### [EXERCISE OBJECTIVE]
List all lines of the data that include the string "width".

------------

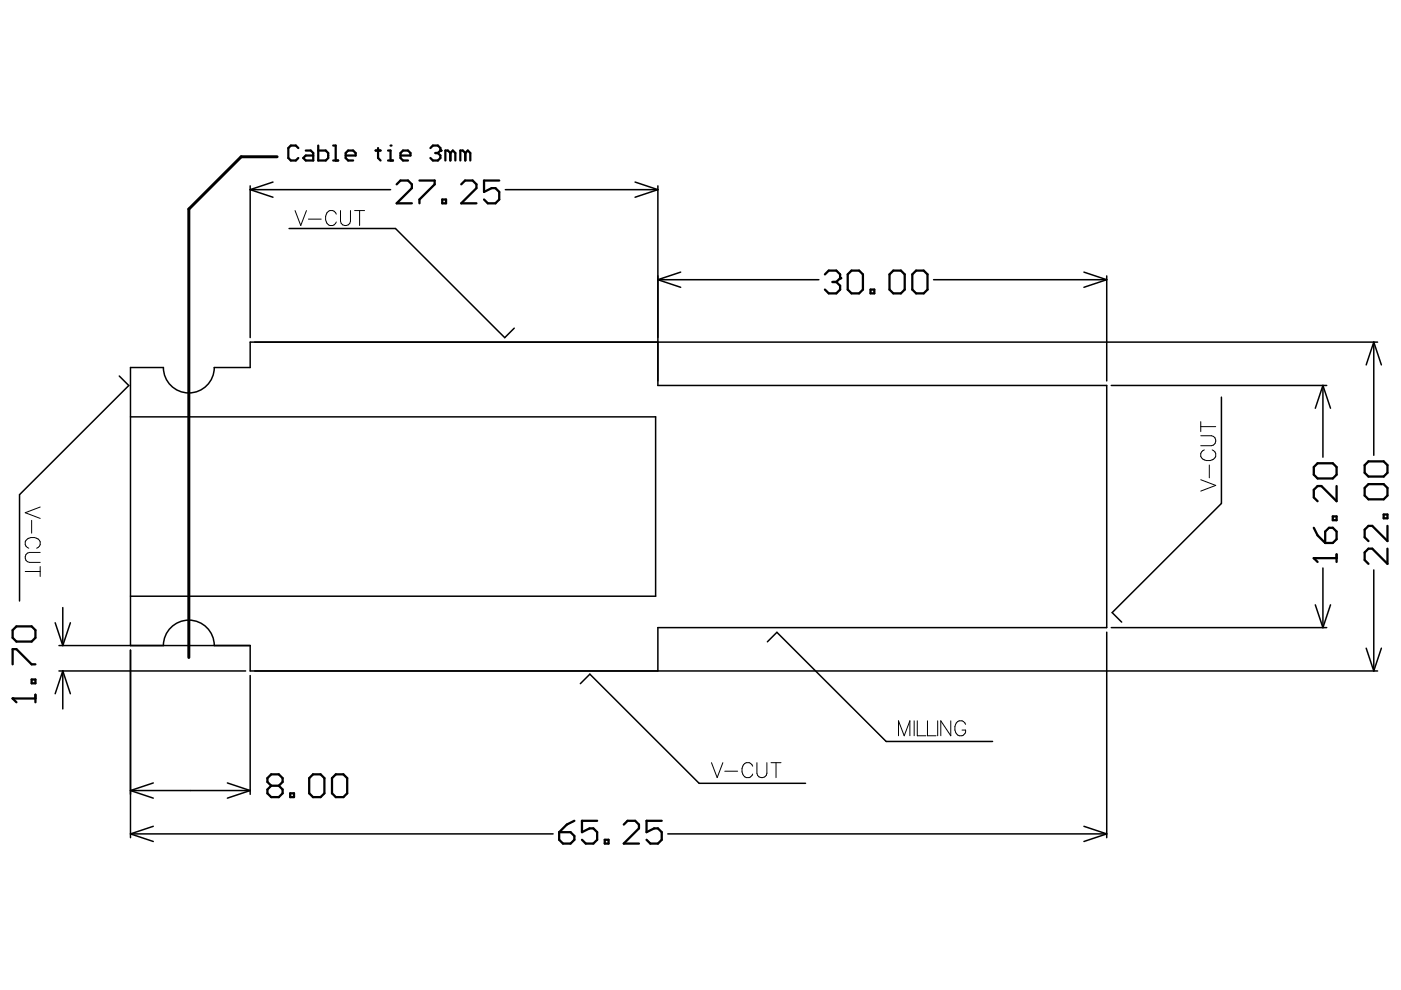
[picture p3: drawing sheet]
<svg xmlns="http://www.w3.org/2000/svg" width="297mm" height="210mm" viewBox="0 0 297 210" stroke-linecap="round" stroke-linejoin="round" font-family="sans-serif">
<g fill="none" stroke="#000" stroke-width=".32">
<path d="M53 39.4v32.2M57.9 38.6l-4.9 1.6M134.6 38.6l4.9 1.6M139.5 39.4v42.3h95.1v51.4h-95.1v9.2M53 40.2l4.9 1.6M53 40.2h29.8M61.3 48.5h22.5l23.2 23.1 2-2M107.1 40.2h32.4M139.5 59.3l4.8 1.6M139.5 59.3h34.1M139.5 40.2l-4.9 1.6M144.3 57.7l-4.8 1.6"/>
<path d="M197.9 59.3h36.7M229.8 57.7l4.8 1.6M234.6 58.5v22.3M234.6 59.3l-4.8 1.6M25.3 79.7l2 2-23.2 23.2v22.5M291.3 72.5l1.6 4.9M291.3 72.5l-1.6 4.9M291.3 72.5v24M292.1 72.5h-239.1v5.4h-7.6a5.4 5.4 0 0 1-5.4 5.4 5.4 5.4 0 0 1-5.4-5.4h-6.9v59M27.7 88.4h111.3v38h-111.3M235.6 81.7h45.7M259 84.2v22.5l-23.2 23.2 2 2"/>
<path d="M280.5 81.7l1.6 4.9M280.5 81.7l-1.6 4.9M280.5 81.7v15.2M11.7 132l1.6 4.9M12.5 136.9h40.5v5.4h239.1M13.3 128.8v8.1M14.9 132l-1.6 4.9M27.7 137.8v39.8M34.6 136.9a5.4 5.4 0 0 1 5.4-5.4 5.4 5.4 0 0 1 5.4 5.4M162.7 136.1l2-2 23.2 23.1h22.5M234.6 134v43.6M235.6 133.1h45.7"/>
<path d="M278.9 128.2l1.6 4.9M280.5 120.4v12.7M282.1 128.2l-1.6 4.9M289.7 137.4l1.6 4.9M291.3 120.8v21.5M292.9 137.4l-1.6 4.9M12.5 142.3h39.6M13.3 142.3l1.6 4.8M13.3 142.3l-1.6 4.8M13.3 142.3v8M53 143.2v25.2M123 144.9l2.1-2 23.1 23.2h22.6"/>
<path d="M27.7 167.6l4.8 1.6M27.7 167.6h25.3M27.7 176.8l4.8 1.6M27.7 176.8h89.6M32.5 166l-4.8 1.6M32.5 175.2l-4.8 1.6M48.2 166l4.8 1.6M53 167.6l-4.8 1.6M141.6 176.8h93M229.8 175.2l4.8 1.6M234.6 176.8l-4.8 1.6"/>
</g>
<path d="M58.8 33.2h-7.7l-11.1 11.1v95.1" fill="none" stroke="#000" stroke-width=".63"/>
<g fill="none" stroke="#000" stroke-width=".21">
<path d="M62.6 44.6l1.2 3.2 1.2-3.2M65.4 46.5h2.7M71.3 45.4a1.17 1.17 0 0 0-1.3-.8 1.17 1.17 0 0 0-1 1.3 1.39 1.39 0 0 0 .3 1.5 1.39 1.39 0 0 0 1.5 .3l.5-.6M72.2 44.6v2.3a1.07 1.07 0 0 0 1.1 .9 1.07 1.07 0 0 0 1-.9v-2.3M75.2 44.6h2.1M76.2 44.6v3.2M254.6 89.4v2.1M254.6 92.4h2.2a1.07 1.07 0 0 1 1 1 1.07 1.07 0 0 1-1 1.1h-2.2M254.6 90.5h3.2M255.3 95.4a1.16 1.16 0 0 0-.7 1.3 1.16 1.16 0 0 0 1.2 1 1.39 1.39 0 0 0 1.5-.3 1.39 1.39 0 0 0 .3-1.6l-.6-.4M256.4 98.6v2.7M6.1 116.2a1.16 1.16 0 0 1-.8-1.3 1.16 1.16 0 0 1 1.3-.9 1.39 1.39 0 0 1 1.5 .3 1.39 1.39 0 0 1 .3 1.5l-.6 .4"/>
<path d="M6.7 110.3v2.7M8.5 107.5l-3.2 1.2 3.2 1.2M8.5 117.1h-2.2a1.07 1.07 0 0 0-1 1.1 1.07 1.07 0 0 0 1 1h2.2M254.6 101.7l3.2 1.2-3.2 1.2M5.3 121.2h3.2M8.5 120.1v2.1M190.5 156v-3.2l1.2 3.2 1.2-3.2v3.2M193.8 152.8v3.2M194.5 152.8v3.2h1.8M196.6 152.8v3.2h1.9M198.8 152.8v3.2M201.6 152.8v3.2l-2.1-3.2v3.2"/>
<path d="M204.7 153.6a1.17 1.17 0 0 0-1.3-.8 1.17 1.17 0 0 0-.9 1.2 1.39 1.39 0 0 0 .3 1.5 1.39 1.39 0 0 0 1.5 .3l.4-.6v-.4h-.7M150.8 161.7l1.3 3.2 1.2-3.2M153.7 163.5h2.7M159.6 162.5a1.17 1.17 0 0 0-1.3-.8 1.17 1.17 0 0 0-1 1.2 1.39 1.39 0 0 0 .3 1.5 1.39 1.39 0 0 0 1.5 .3l.5-.6M160.5 161.7v2.3a1.07 1.07 0 0 0 1 .9 1.07 1.07 0 0 0 1.1-.9v-2.3M163.5 161.7h2.1M164.5 161.7v3.2"/>
</g>
<g fill="none" stroke="#000" stroke-width=".48">
<path d="M63.2 31.4l-.5-.5h-1l-.6 .5v2.1l.6 .5h1l.5-.5M64.8 31.9h1.1l.5 .5v1.6h-1.6l-.5-.5 .5-.5h1.6M67.5 30.9v3.1h1.6l.5-.5v-1.1l-.5-.5h-1.6M70.6 30.9h.6v3.1M70.6 34h1.1M73.3 33h2.1v-.6l-.5-.5h-1.1l-.5 .5v1.1l.5 .5h1.1M79.6 31.9h1.1M80.2 31.4v2.1l.5 .5M82.3 34h1M82.3 31.9h.5v2.1M84.1 39.1l.8-.8h1.6l.8 .8v.8l-3.2 3.2h3.2M84.9 33h2.1v-.6l-.5-.5h-1.1l-.5 .5v1.1l.5 .5h1.1"/>
<path d="M88.9 38.3h3.3v.8l-3.3 3.2v.8M91.3 31.4l.5-.5h1l.6 .5v.5l-.6 .5M92.3 32.4h.5M92.8 32.4l.6 .6v.5l-.6 .5h-1l-.5-.5M95.5 32.4l-.5-.5h-.6v2.1M95.5 32.4v1.6M95.5 32.4l.5-.5 .5 .5v1.6M97.8 39.1l.8-.8h1.6l.8 .8v.8l-3.2 3.2h3.2M98.7 32.4l-.6-.5h-.5v2.1M98.7 32.4v1.6M98.7 32.4l.5-.5 .5 .5v1.6M105.8 38.3h-3.2v2.4l1.6-.8h.8l.8 .8v1.6l-.8 .8h-1.6l-.8-.8"/>
<path d="M93.8 42.3h.8v.8h-.8zM174.9 58.2l.8-.8h1.6l.8 .8v.8l-.8 .8M176.5 59.8h.8M177.3 59.8l.8 .8v.8l-.8 .8h-1.6l-.8-.8M179.7 58.2l.8-.8h1.6l.9 .8v3.2l-.9 .8h-1.6l-.8-.8zM189.4 57.4h1.6l.8 .8v3.2l-.8 .8h-1.6l-.8-.8v-3.2zM193.4 58.2l.8-.8h1.6l.8 .8v3.2l-.8 .8h-1.6l-.8-.8zM184.6 61.4h.8v.8h-.8zM279.4 98.2h3.2l.8 .8v1.6l-.8 .8h-3.2l-.9-.8v-1.6zM289.3 98.6l.8-.8h3.3l.8 .8v1.6l-.8 .8h-3.3l-.8-.8zM278.5 111.9l.9 1.6 1.6 1.6M281.8 111.9h.8l.8 .8v1.6l-.8 .8h-1.6v-2.4z"/>
<path d="M282.6 109.5h.8v.8h-.8zM283.4 103.1v3.2l-3.2-3.2h-.8l-.9 .8v1.6l.9 .8M283.4 117.5v1.6M283.4 118.3h-4.9l.9 .8M289.3 103.5l.8-.8h3.3l.8 .8v1.6l-.8 .8h-3.3l-.8-.8zM293.4 109.1h.8v.8h-.8zM294.2 111.5v3.2l-3.3-3.2h-.8l-.8 .8v1.6l.8 .8M294.2 116.3v3.3l-3.3-3.3h-.8l-.8 .8v1.6l.8 .9M2.7 133.6l.8-.8h3.2l.8 .8v1.6l-.8 .8h-3.2l-.8-.8zM2.7 140.9v-3.3h.8l3.2 3.3h.8M6.7 144.1h.8v.8h-.8zM7.5 147.3v1.6"/>
<path d="M7.5 148.1h-4.8l.8 .8M57.5 166.6l-.8-.8v-.8l.8-.8h1.6l.8 .8v.8l-.8 .8M57.5 166.6l-.8 .8v.8l.8 .8h1.6l.8-.8v-.8l-.8-.8M57.5 166.6h1.6M61.5 168.2h.8v.8h-.8zM65.6 165l.8-.8h1.6l.8 .8v3.2l-.8 .8h-1.6l-.8-.8zM70.4 165l.8-.8h1.6l.8 .8v3.2l-.8 .8h-1.6l-.8-.8zM118.6 176.4h2.4l.8 .8v.9l-.8 .8h-1.6l-.8-.8zM121.8 174l-1.6 .8-1.6 1.6M126.6 174h-3.2v2.4l1.6-.8h.8l.8 .8v1.7l-.8 .8h-1.6l-.8-.8M128.2 178.1h.8v.8h-.8zM132.2 174.8l.9-.8h1.6l.8 .8v.8l-3.3 3.3h3.3"/>
<path d="M140.3 174h-3.2v2.4l1.6-.8h.8l.8 .8v1.7l-.8 .8h-1.6l-.8-.8"/>
</g>
<g fill="#000">
<circle cx="82.8" cy="30.9" r=".24"/>
<circle cx="93.4" cy="31.9" r=".24"/>
<circle cx="178.1" cy="59" r=".24"/>
<circle cx="278.5" cy="118.3" r=".24"/>
<circle cx="2.7" cy="148.1" r=".24"/>
</g>
</svg>

------------

### [RESULT]
<svg xmlns="http://www.w3.org/2000/svg" width="297mm" height="210mm" viewBox="0 0 297 210" stroke-linecap="round" stroke-linejoin="round" font-family="sans-serif">
<g fill="none" stroke="#000" stroke-width=".32">
<path d="M58.8 33.2h-7.7l-11.1 11.1v95.1" fill="none" stroke="#000" stroke-width=".63"/>
<g fill="none" stroke="#000" stroke-width=".21">
<g fill="none" stroke="#000" stroke-width=".48">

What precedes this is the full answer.